If denied at Reconsideration, request a hearing before an Administrative Law Judge (ALJ). This is your best chance of winning. The approval rate at the hearing level is approximately 58%. At a hearing, you can testify in person, explain your symptoms, and have an attorney cross-examine the vocational expert.

Appeals Council and Federal Court

If the ALJ denies your claim, you can appeal to the Appeals Council, and eventually to Federal Court. These stages are complex and focus on legal errors made by the ALJ rather than new medical evidence.

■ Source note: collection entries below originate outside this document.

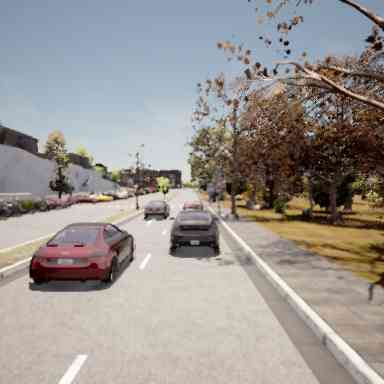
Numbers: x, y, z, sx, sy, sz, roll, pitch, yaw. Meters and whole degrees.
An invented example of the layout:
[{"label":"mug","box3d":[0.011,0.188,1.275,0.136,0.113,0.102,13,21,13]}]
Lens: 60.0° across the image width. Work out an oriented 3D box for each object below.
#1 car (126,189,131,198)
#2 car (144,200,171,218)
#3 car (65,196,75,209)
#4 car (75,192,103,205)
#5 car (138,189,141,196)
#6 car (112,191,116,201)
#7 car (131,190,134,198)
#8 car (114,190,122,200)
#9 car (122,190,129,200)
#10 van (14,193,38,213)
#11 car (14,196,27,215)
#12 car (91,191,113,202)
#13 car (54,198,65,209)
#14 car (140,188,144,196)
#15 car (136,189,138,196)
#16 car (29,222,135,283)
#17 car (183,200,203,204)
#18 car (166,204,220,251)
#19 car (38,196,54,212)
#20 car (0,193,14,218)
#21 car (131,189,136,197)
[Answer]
[{"label":"car","box3d":[-16.854,0.659,72.717,5.566,2.045,2.435,-1,1,-20]},{"label":"car","box3d":[-2.898,1.413,28.139,2.033,1.411,5.357,0,0,0]},{"label":"car","box3d":[-16.822,1.292,39.719,4.792,1.488,2.163,-1,0,-20]},{"label":"car","box3d":[-16.814,1.192,51.725,4.792,1.488,2.163,-1,0,-20]},{"label":"car","box3d":[-16.808,0.592,87.742,5.008,1.535,2.097,-1,2,-20]},{"label":"car","box3d":[-16.838,1.118,60.721,4.674,1.452,2.002,-1,0,-20]},{"label":"car","box3d":[-16.824,0.839,78.745,4.674,1.452,2.002,-1,1,-20]},{"label":"car","box3d":[-16.809,0.795,63.737,5.566,2.045,2.435,-1,0,-20]},{"label":"car","box3d":[-16.655,0.953,69.794,5.366,1.575,1.946,-1,1,-20]},{"label":"van","box3d":[-16.966,1.115,30.691,4.442,1.987,1.878,-1,1,-20]},{"label":"car","box3d":[-16.850,1.365,27.754,4.892,1.521,2.231,-1,1,-20]},{"label":"car","box3d":[-17.008,1.109,57.648,5.366,1.575,1.946,-1,1,-20]},{"label":"car","box3d":[-16.845,1.329,36.701,4.674,1.452,2.002,-1,1,-20]},{"label":"car","box3d":[-16.785,0.475,93.758,4.792,1.488,2.163,-1,1,-20]},{"label":"car","box3d":[-16.820,0.704,84.743,4.674,1.452,2.002,-1,1,-20]},{"label":"car","box3d":[-2.899,1.557,9.626,1.994,1.385,4.181,0,0,0]},{"label":"car","box3d":[0.102,1.437,31.701,1.895,1.301,4.718,0,0,0]},{"label":"car","box3d":[0.102,1.480,13.934,1.837,1.490,4.892,0,0,0]},{"label":"car","box3d":[-16.824,1.187,33.727,4.553,1.767,2.185,-1,1,-20]},{"label":"car","box3d":[-16.837,1.137,24.783,5.566,2.045,2.435,-1,0,-20]},{"label":"car","box3d":[-16.851,0.606,81.730,4.553,1.767,2.185,-1,1,-20]}]

Strategies Specific to Fibromyalgia

At a hearing, focus on how your unpredictable flare-ups and severe fatigue would cause you to miss too many days of work or be off-task for too much of the workday, precluding any full-time employment.

Use our free AI Denial Analyzer to understand exactly why your claim was denied.

Key Takeaways

  • What SSA must see: Objective documentation that you meet the ACR criteria for fibromyalgia and that other diseases have been ruled out.
  • What evidence matters most: Longitudinal records from a rheumatologist and a detailed RFC form outlining your specific physical and mental limitations.
  • Top 3 approval factors: Consistent medical treatment, supportive RFC from a specialist, and being over age 50.
  • Top 3 denial factors: Lack of objective documentation (tender points/ruled out conditions), inconsistent statements about daily activities, and failure to follow prescribed treatment.